▶ _YOUR GOAL_:
Show each line of the records in which the word "width" occurs.

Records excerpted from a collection
§ §
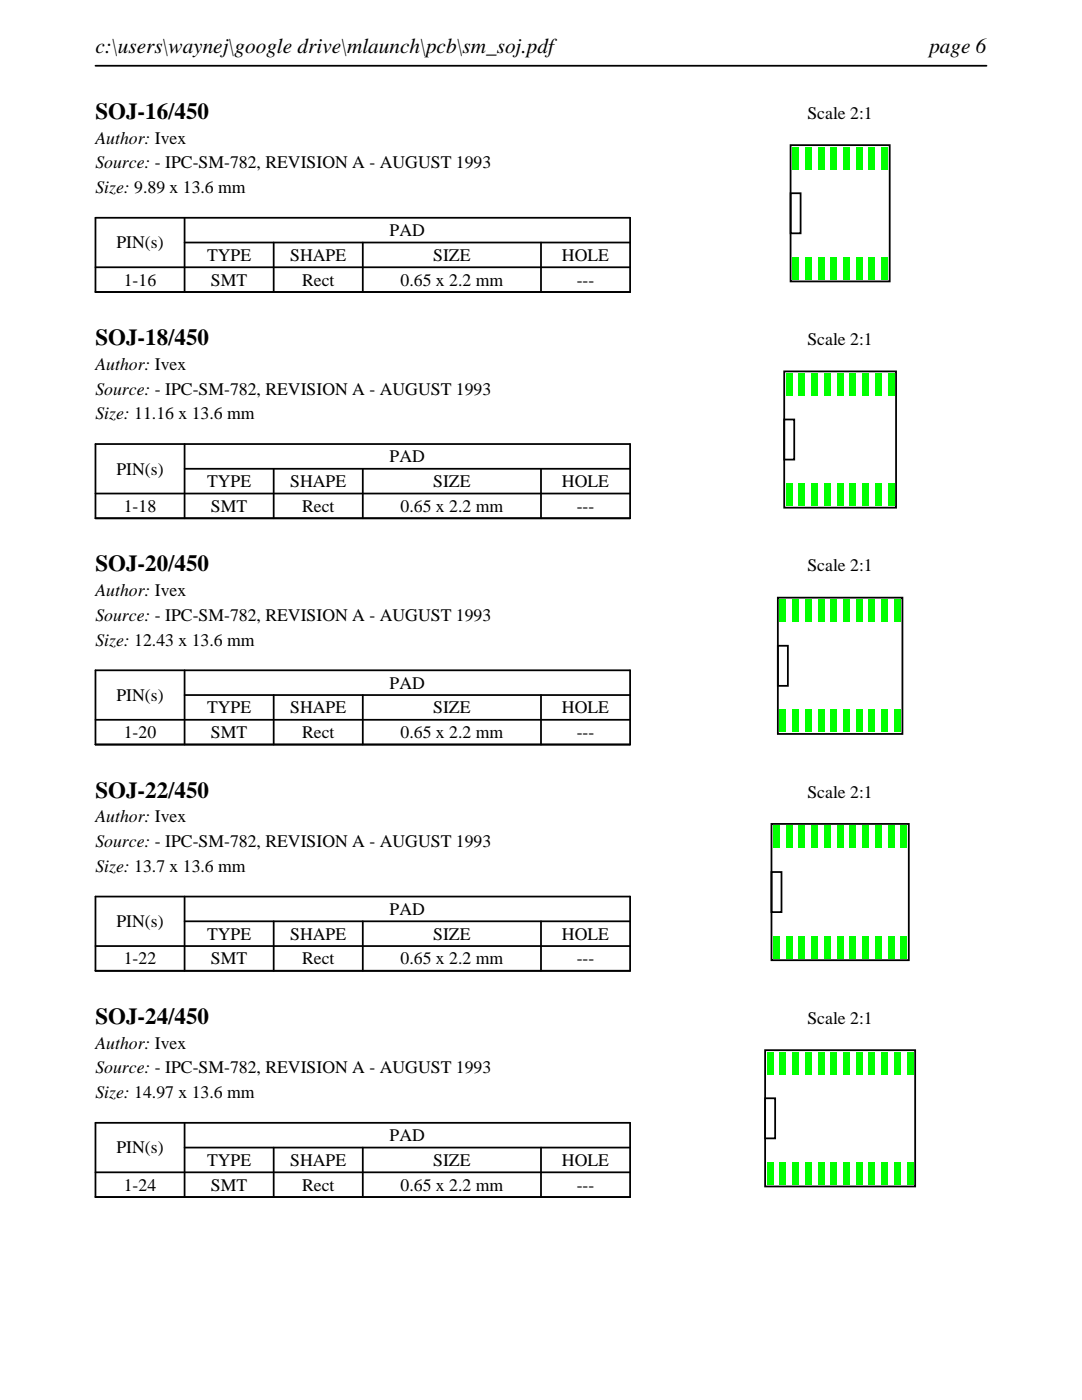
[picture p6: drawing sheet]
<svg xmlns="http://www.w3.org/2000/svg" width="216mm" height="279mm" viewBox="0 0 216 279" stroke-linecap="round" stroke-linejoin="round" font-family="sans-serif">
<defs><g id="words">
<g font-size="4.6">
<text x="19" y="23.7">SOJ-16/450</text>
<text x="19" y="68.9">SOJ-18/450</text>
<text x="19" y="114">SOJ-20/450</text>
<text x="19" y="159.2">SOJ-22/450</text>
<text x="19" y="204.3">SOJ-24/450</text>
</g>
<g font-size="4.2">
<text x="19" y="10.6">c:\users\waynej\google drive\mlaunch\pcb\sm_soj.pdf</text>
<text x="185.4" y="10.6">page 6</text>
</g>
<g font-size="3.5">
<text x="161.1" y="23.7">Scale 2:1</text>
<text x="19" y="28.6">Author: Ivex</text>
<text x="19" y="33.6">Source: - IPC-SM-782, REVISION A - AUGUST 1993</text>
<text x="19" y="38.5">Size: 9.89 x 13.6 mm</text>
<text x="77.8" y="47.1">PAD</text>
<text x="23.2" y="49.6">PIN(s)</text>
<text x="41.3" y="52.1">TYPE</text>
<text x="57.9" y="52.1">SHAPE</text>
<text x="86.4" y="52.1">SIZE</text>
<text x="112.1" y="52.1">HOLE</text>
<text x="24.7" y="57">1-16</text>
<text x="42.1" y="57">SMT</text>
<text x="60.3" y="57">Rect</text>
<text x="79.9" y="57">0.65 x 2.2 mm</text>
<text x="115.1" y="57">---</text>
<text x="161.1" y="68.9">Scale 2:1</text>
<text x="19" y="73.8">Author: Ivex</text>
<text x="19" y="78.7">Source: - IPC-SM-782, REVISION A - AUGUST 1993</text>
<text x="19" y="83.7">Size: 11.16 x 13.6 mm</text>
<text x="23.2" y="94.7">PIN(s)</text>
<text x="77.8" y="92.3">PAD</text>
<text x="41.3" y="97.2">TYPE</text>
<text x="57.9" y="97.2">SHAPE</text>
<text x="86.4" y="97.2">SIZE</text>
<text x="112.1" y="97.2">HOLE</text>
<text x="24.7" y="102.2">1-18</text>
<text x="42.1" y="102.2">SMT</text>
<text x="60.3" y="102.2">Rect</text>
<text x="79.9" y="102.2">0.65 x 2.2 mm</text>
<text x="115.1" y="102.2">---</text>
<text x="19" y="119">Author: Ivex</text>
<text x="161.1" y="114">Scale 2:1</text>
<text x="19" y="123.9">Source: - IPC-SM-782, REVISION A - AUGUST 1993</text>
<text x="19" y="128.8">Size: 12.43 x 13.6 mm</text>
<text x="77.8" y="137.4">PAD</text>
<text x="23.2" y="139.9">PIN(s)</text>
<text x="41.3" y="142.4">TYPE</text>
<text x="57.9" y="142.4">SHAPE</text>
<text x="86.4" y="142.4">SIZE</text>
<text x="112.1" y="142.4">HOLE</text>
<text x="24.7" y="147.3">1-20</text>
<text x="42.1" y="147.3">SMT</text>
<text x="60.3" y="147.3">Rect</text>
<text x="79.9" y="147.3">0.65 x 2.2 mm</text>
<text x="115.1" y="147.3">---</text>
<text x="161.1" y="159.2">Scale 2:1</text>
<text x="19" y="164.1">Author: Ivex</text>
<text x="19" y="169.1">Source: - IPC-SM-782, REVISION A - AUGUST 1993</text>
<text x="19" y="174">Size: 13.7 x 13.6 mm</text>
<text x="23.2" y="185">PIN(s)</text>
<text x="77.8" y="182.6">PAD</text>
<text x="41.3" y="187.5">TYPE</text>
<text x="57.9" y="187.5">SHAPE</text>
<text x="86.4" y="187.5">SIZE</text>
<text x="112.1" y="187.5">HOLE</text>
<text x="24.7" y="192.5">1-22</text>
<text x="42.1" y="192.5">SMT</text>
<text x="60.3" y="192.5">Rect</text>
<text x="79.9" y="192.5">0.65 x 2.2 mm</text>
<text x="115.1" y="192.5">---</text>
<text x="19" y="209.3">Author: Ivex</text>
<text x="161.1" y="204.3">Scale 2:1</text>
<text x="19" y="214.2">Source: - IPC-SM-782, REVISION A - AUGUST 1993</text>
<text x="19" y="219.1">Size: 14.97 x 13.6 mm</text>
<text x="77.8" y="227.8">PAD</text>
<text x="23.2" y="230.2">PIN(s)</text>
<text x="41.3" y="232.7">TYPE</text>
<text x="57.9" y="232.7">SHAPE</text>
<text x="86.4" y="232.7">SIZE</text>
<text x="112.1" y="232.7">HOLE</text>
<text x="24.7" y="237.6">1-24</text>
<text x="42.1" y="237.6">SMT</text>
<text x="60.3" y="237.6">Rect</text>
<text x="79.9" y="237.6">0.65 x 2.2 mm</text>
<text x="115.1" y="237.6">---</text>
</g>
</g></defs>
<path d="M19 13.1h177.8M19 43.5h106.7v14.8h-106.7zM19 53.3h106.7M36.8 48.4h88.9M36.8 43.5v14.8M54.6 48.4v9.9M72.4 48.4v9.9M107.9 48.4v9.9" fill="none" stroke="#000" stroke-width=".35"/>
<path d="M157.7 29h19.8v27.2h-19.8zM157.7 38.6h2.1v8h-2.1z" fill="none" stroke="#000" stroke-width=".36"/>
<g fill="#0f0">
<path d="M158.1 51.4h1.3v4.4h-1.3z"/>
<path d="M160.6 51.4h1.3v4.4h-1.3z"/>
<path d="M163.2 51.4h1.3v4.4h-1.3z"/>
<path d="M165.7 51.4h1.3v4.4h-1.3z"/>
<path d="M168.3 51.4h1.3v4.4h-1.3z"/>
<path d="M170.8 51.4h1.3v4.4h-1.3z"/>
<path d="M173.3 51.4h1.3v4.4h-1.3z"/>
<path d="M175.9 51.4h1.3v4.4h-1.3z"/>
<path d="M175.9 29.4h1.3v4.4h-1.3z"/>
<path d="M173.3 29.4h1.3v4.4h-1.3z"/>
<path d="M170.8 29.4h1.3v4.4h-1.3z"/>
<path d="M168.3 29.4h1.3v4.4h-1.3z"/>
<path d="M165.7 29.4h1.3v4.4h-1.3z"/>
<path d="M163.2 29.4h1.3v4.4h-1.3z"/>
<path d="M160.6 29.4h1.3v4.4h-1.3z"/>
<path d="M158.1 29.4h1.3v4.4h-1.3z"/>
</g>
<path d="M19 88.6h106.7v14.8h-106.7zM19 98.5h106.7M36.8 93.6h88.9M36.8 88.6v14.8M54.6 93.6v9.8M72.4 93.6v9.8M107.9 93.6v9.8" fill="none" stroke="#000" stroke-width=".35"/>
<path d="M156.5 74.1h22.3v27.2h-22.3zM156.5 83.7h2v8h-2z" fill="none" stroke="#000" stroke-width=".36"/>
<g fill="#0f0">
<path d="M156.8 96.5h1.3v4.4h-1.3z"/>
<path d="M159.4 96.5h1.3v4.4h-1.3z"/>
<path d="M161.9 96.5h1.3v4.4h-1.3z"/>
<path d="M164.5 96.5h1.3v4.4h-1.3z"/>
<path d="M167 96.5h1.3v4.4h-1.3z"/>
<path d="M169.5 96.5h1.3v4.4h-1.3z"/>
<path d="M172.1 96.5h1.3v4.4h-1.3z"/>
<path d="M174.6 96.5h1.3v4.4h-1.3z"/>
<path d="M177.2 96.5h1.3v4.4h-1.3z"/>
<path d="M177.2 74.5h1.3v4.4h-1.3z"/>
<path d="M174.6 74.5h1.3v4.4h-1.3z"/>
<path d="M172.1 74.5h1.3v4.4h-1.3z"/>
<path d="M169.5 74.5h1.3v4.4h-1.3z"/>
<path d="M167 74.5h1.3v4.4h-1.3z"/>
<path d="M164.5 74.5h1.3v4.4h-1.3z"/>
<path d="M161.9 74.5h1.3v4.4h-1.3z"/>
<path d="M159.4 74.5h1.3v4.4h-1.3z"/>
<path d="M156.8 74.5h1.3v4.4h-1.3z"/>
</g>
<path d="M19 133.8h106.7v14.8h-106.7zM36.8 138.7h88.9M36.8 133.8v14.8M54.6 138.7v9.9M72.4 138.7v9.9M107.9 138.7v9.9M19 143.7h106.7" fill="none" stroke="#000" stroke-width=".35"/>
<path d="M155.2 119.3h24.9v27.2h-24.9zM155.2 128.9h2v8h-2z" fill="none" stroke="#000" stroke-width=".36"/>
<g fill="#0f0">
<path d="M155.6 141.7h1.3v4.4h-1.3z"/>
<path d="M158.1 141.7h1.3v4.4h-1.3z"/>
<path d="M160.6 141.7h1.3v4.4h-1.3z"/>
<path d="M163.2 141.7h1.3v4.4h-1.3z"/>
<path d="M165.7 141.7h1.3v4.4h-1.3z"/>
<path d="M168.3 141.7h1.3v4.4h-1.3z"/>
<path d="M170.8 141.7h1.3v4.4h-1.3z"/>
<path d="M173.3 141.7h1.3v4.4h-1.3z"/>
<path d="M175.9 141.7h1.3v4.4h-1.3z"/>
<path d="M178.4 141.7h1.3v4.4h-1.3z"/>
<path d="M178.4 119.7h1.3v4.4h-1.3z"/>
<path d="M175.9 119.7h1.3v4.4h-1.3z"/>
<path d="M173.3 119.7h1.3v4.4h-1.3z"/>
<path d="M170.8 119.7h1.3v4.4h-1.3z"/>
<path d="M168.3 119.7h1.3v4.4h-1.3z"/>
<path d="M165.7 119.7h1.3v4.4h-1.3z"/>
<path d="M163.2 119.7h1.3v4.4h-1.3z"/>
<path d="M160.6 119.7h1.3v4.4h-1.3z"/>
<path d="M158.1 119.7h1.3v4.4h-1.3z"/>
<path d="M155.6 119.7h1.3v4.4h-1.3z"/>
</g>
<path d="M19 178.9h106.7v14.8h-106.7zM36.8 178.9v14.8M19 188.8h106.7M36.8 183.9h88.9M54.6 183.9v9.8M72.4 183.9v9.8M107.9 183.9v9.8" fill="none" stroke="#000" stroke-width=".35"/>
<path d="M153.9 164.4h27.4v27.2h-27.4zM153.9 174h2v8h-2z" fill="none" stroke="#000" stroke-width=".36"/>
<g fill="#0f0">
<path d="M154.3 186.8h1.3v4.4h-1.3z"/>
<path d="M156.8 186.8h1.3v4.4h-1.3z"/>
<path d="M159.4 186.8h1.3v4.4h-1.3z"/>
<path d="M161.9 186.8h1.3v4.4h-1.3z"/>
<path d="M164.5 186.8h1.3v4.4h-1.3z"/>
<path d="M167 186.8h1.3v4.4h-1.3z"/>
<path d="M169.5 186.8h1.3v4.4h-1.3z"/>
<path d="M172.1 186.8h1.3v4.4h-1.3z"/>
<path d="M174.6 186.8h1.3v4.4h-1.3z"/>
<path d="M177.2 186.8h1.3v4.4h-1.3z"/>
<path d="M179.7 186.8h1.3v4.4h-1.3z"/>
<path d="M179.7 164.8h1.3v4.4h-1.3z"/>
<path d="M177.2 164.8h1.3v4.4h-1.3z"/>
<path d="M174.6 164.8h1.3v4.4h-1.3z"/>
<path d="M172.1 164.8h1.3v4.4h-1.3z"/>
<path d="M169.5 164.8h1.3v4.4h-1.3z"/>
<path d="M167 164.8h1.3v4.4h-1.3z"/>
<path d="M164.5 164.8h1.3v4.4h-1.3z"/>
<path d="M161.9 164.8h1.3v4.4h-1.3z"/>
<path d="M159.4 164.8h1.3v4.4h-1.3z"/>
<path d="M156.8 164.8h1.3v4.4h-1.3z"/>
<path d="M154.3 164.8h1.3v4.4h-1.3z"/>
</g>
<path d="M19 224.1h106.7v14.8h-106.7zM19 234h106.7M36.8 229h88.9M36.8 224.1v14.8M54.6 229v9.9M72.4 229v9.9M107.9 229v9.9" fill="none" stroke="#000" stroke-width=".35"/>
<path d="M152.7 209.6h29.9v27.2h-29.9zM152.7 219.2h2v8h-2z" fill="none" stroke="#000" stroke-width=".36"/>
<g fill="#0f0">
<path d="M153 232h1.3v4.4h-1.3z"/>
<path d="M155.6 232h1.3v4.4h-1.3z"/>
<path d="M158.1 232h1.3v4.4h-1.3z"/>
<path d="M160.6 232h1.3v4.4h-1.3z"/>
<path d="M163.2 232h1.3v4.4h-1.3z"/>
<path d="M165.7 232h1.3v4.4h-1.3z"/>
<path d="M168.3 232h1.3v4.4h-1.3z"/>
<path d="M170.8 232h1.3v4.4h-1.3z"/>
<path d="M173.3 232h1.3v4.4h-1.3z"/>
<path d="M175.9 232h1.3v4.4h-1.3z"/>
<path d="M178.4 232h1.3v4.4h-1.3z"/>
<path d="M181 232h1.3v4.4h-1.3z"/>
<path d="M181 210h1.3v4.4h-1.3z"/>
<path d="M178.4 210h1.3v4.4h-1.3z"/>
<path d="M175.9 210h1.3v4.4h-1.3z"/>
<path d="M173.3 210h1.3v4.4h-1.3z"/>
<path d="M170.8 210h1.3v4.4h-1.3z"/>
<path d="M168.3 210h1.3v4.4h-1.3z"/>
<path d="M165.7 210h1.3v4.4h-1.3z"/>
<path d="M163.2 210h1.3v4.4h-1.3z"/>
<path d="M160.6 210h1.3v4.4h-1.3z"/>
<path d="M158.1 210h1.3v4.4h-1.3z"/>
<path d="M155.6 210h1.3v4.4h-1.3z"/>
<path d="M153 210h1.3v4.4h-1.3z"/>
</g>
<use href="#words"/>
</svg>
§ §
▶ _ANSWER_:
<svg xmlns="http://www.w3.org/2000/svg" width="216mm" height="279mm" viewBox="0 0 216 279" stroke-linecap="round" stroke-linejoin="round" font-family="sans-serif">
<path d="M19 13.1h177.8M19 43.5h106.7v14.8h-106.7zM19 53.3h106.7M36.8 48.4h88.9M36.8 43.5v14.8M54.6 48.4v9.9M72.4 48.4v9.9M107.9 48.4v9.9" fill="none" stroke="#000" stroke-width=".35"/>
<path d="M157.7 29h19.8v27.2h-19.8zM157.7 38.6h2.1v8h-2.1z" fill="none" stroke="#000" stroke-width=".36"/>
<path d="M19 88.6h106.7v14.8h-106.7zM19 98.5h106.7M36.8 93.6h88.9M36.8 88.6v14.8M54.6 93.6v9.8M72.4 93.6v9.8M107.9 93.6v9.8" fill="none" stroke="#000" stroke-width=".35"/>
<path d="M156.5 74.1h22.3v27.2h-22.3zM156.5 83.7h2v8h-2z" fill="none" stroke="#000" stroke-width=".36"/>
<path d="M19 133.8h106.7v14.8h-106.7zM36.8 138.7h88.9M36.8 133.8v14.8M54.6 138.7v9.9M72.4 138.7v9.9M107.9 138.7v9.9M19 143.7h106.7" fill="none" stroke="#000" stroke-width=".35"/>
<path d="M155.2 119.3h24.9v27.2h-24.9zM155.2 128.9h2v8h-2z" fill="none" stroke="#000" stroke-width=".36"/>
<path d="M19 178.9h106.7v14.8h-106.7zM36.8 178.9v14.8M19 188.8h106.7M36.8 183.9h88.9M54.6 183.9v9.8M72.4 183.9v9.8M107.9 183.9v9.8" fill="none" stroke="#000" stroke-width=".35"/>
<path d="M153.9 164.4h27.4v27.2h-27.4zM153.9 174h2v8h-2z" fill="none" stroke="#000" stroke-width=".36"/>
<path d="M19 224.1h106.7v14.8h-106.7zM19 234h106.7M36.8 229h88.9M36.8 224.1v14.8M54.6 229v9.9M72.4 229v9.9M107.9 229v9.9" fill="none" stroke="#000" stroke-width=".35"/>
<path d="M152.7 209.6h29.9v27.2h-29.9zM152.7 219.2h2v8h-2z" fill="none" stroke="#000" stroke-width=".36"/>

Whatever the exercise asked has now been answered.